Proposed schematic model of eIF4G binding to Mnk1 upon PKCα-dependent Ser1186 phosphorylation (22). Linear (A) and three-dimensional (B) domain/motif organization of eIF4G. Mnk1 binding to AA box 2 (gray) and the position of Ser1186 in the interdomain linker of eIF4G are indicated. The three-dimensional structure depicts the mutual orientation of eIF4G/eIF4A and eIF4H structured domains; the interdomain linker is reconstructed based on topology analyses of the helicase complex with eIF4G (22).

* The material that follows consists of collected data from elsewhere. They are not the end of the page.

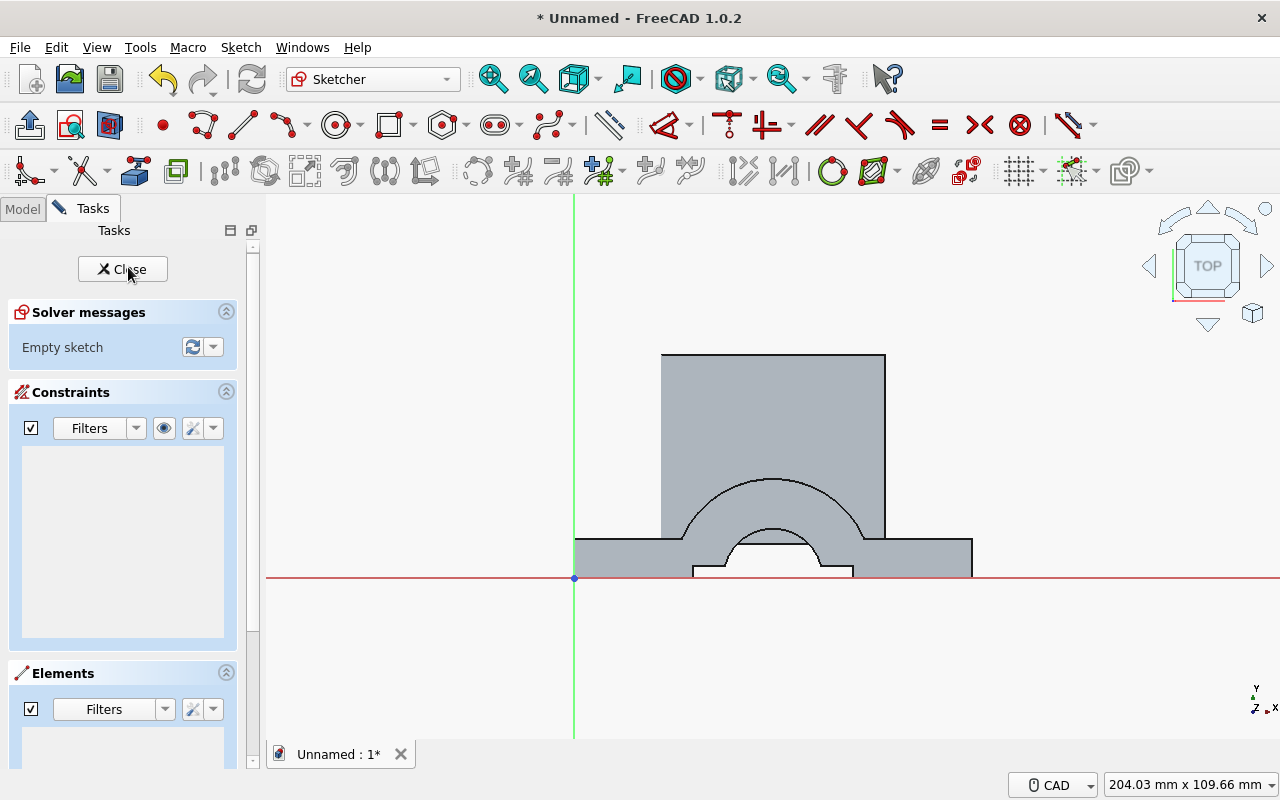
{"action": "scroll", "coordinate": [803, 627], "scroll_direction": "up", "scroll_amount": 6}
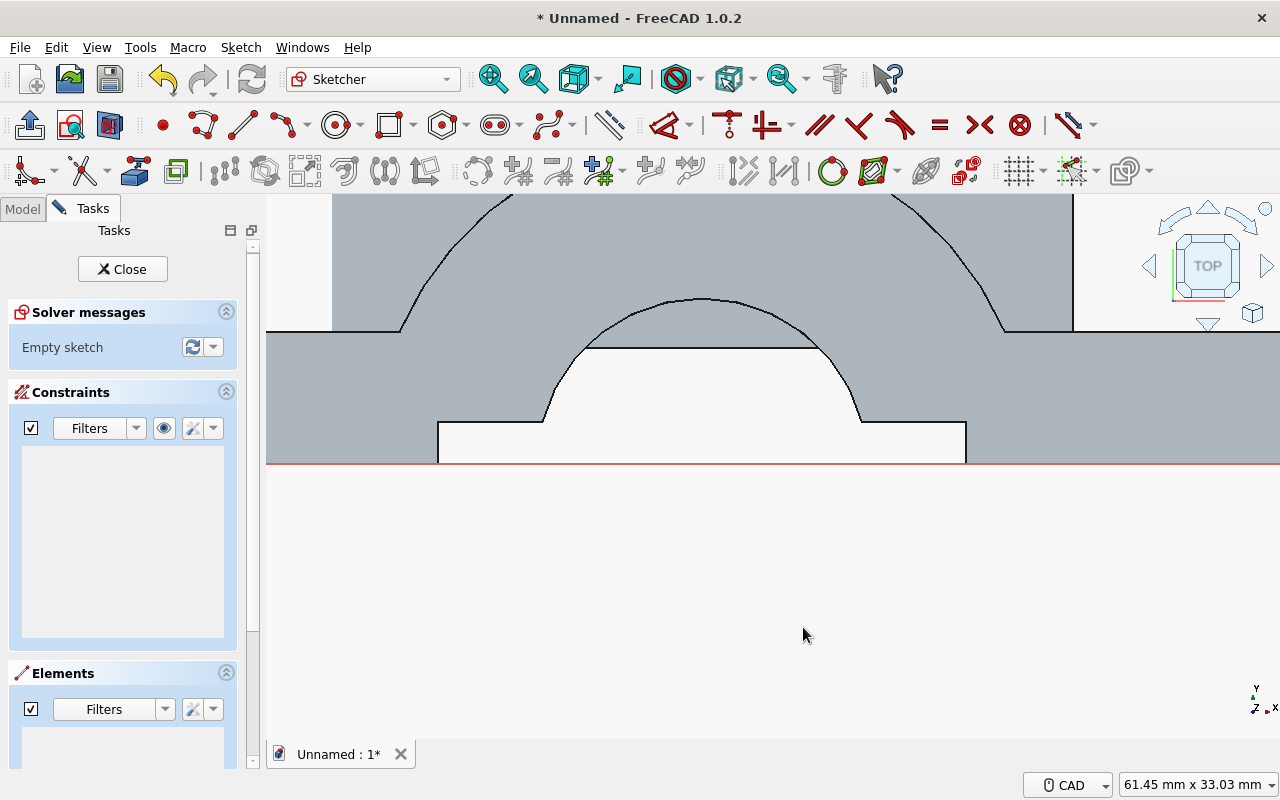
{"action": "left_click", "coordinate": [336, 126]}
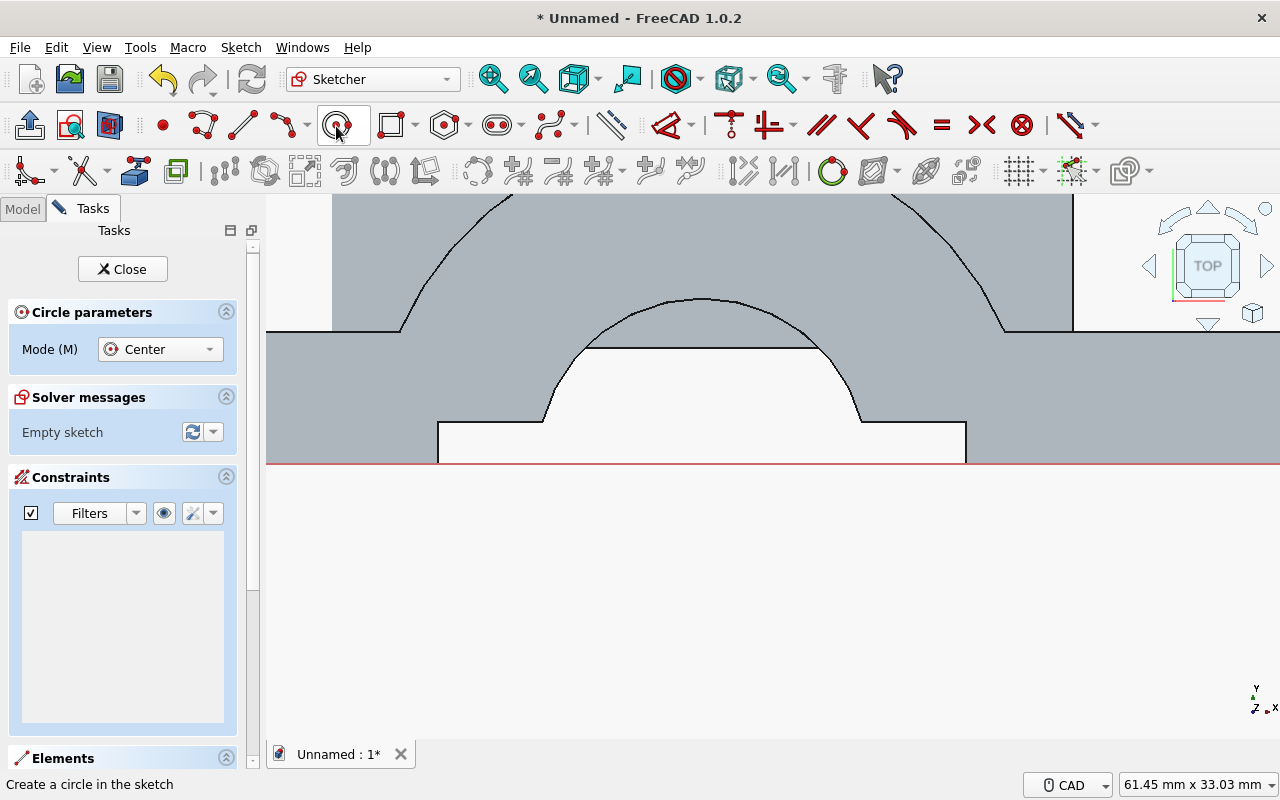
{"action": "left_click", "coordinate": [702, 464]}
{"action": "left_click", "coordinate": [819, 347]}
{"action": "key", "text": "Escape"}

AA boxes 1 and 2 are represented as filled black and gray circles, respectively. The position of Ser1186 in the interdomain linker suggests a possible role in controlling access to AA box 2 and the Mnk1 binding site in eIF4G. (C) Structure-based sequence alignment of AA box 1 with the eIF4G interdomain linker in the vicinity of the PKCα phosphorylation site (Ser1186; asterisk). Solvent-exposed acidic residues in AA box 1 (gray boxes) and positively charged amino acids in the interdomain linker (open boxes) are indicated. Solvent-exposed aromatic residues Tyr1551 and Trp1564 in AA box 1 (2) are shown in black boxes.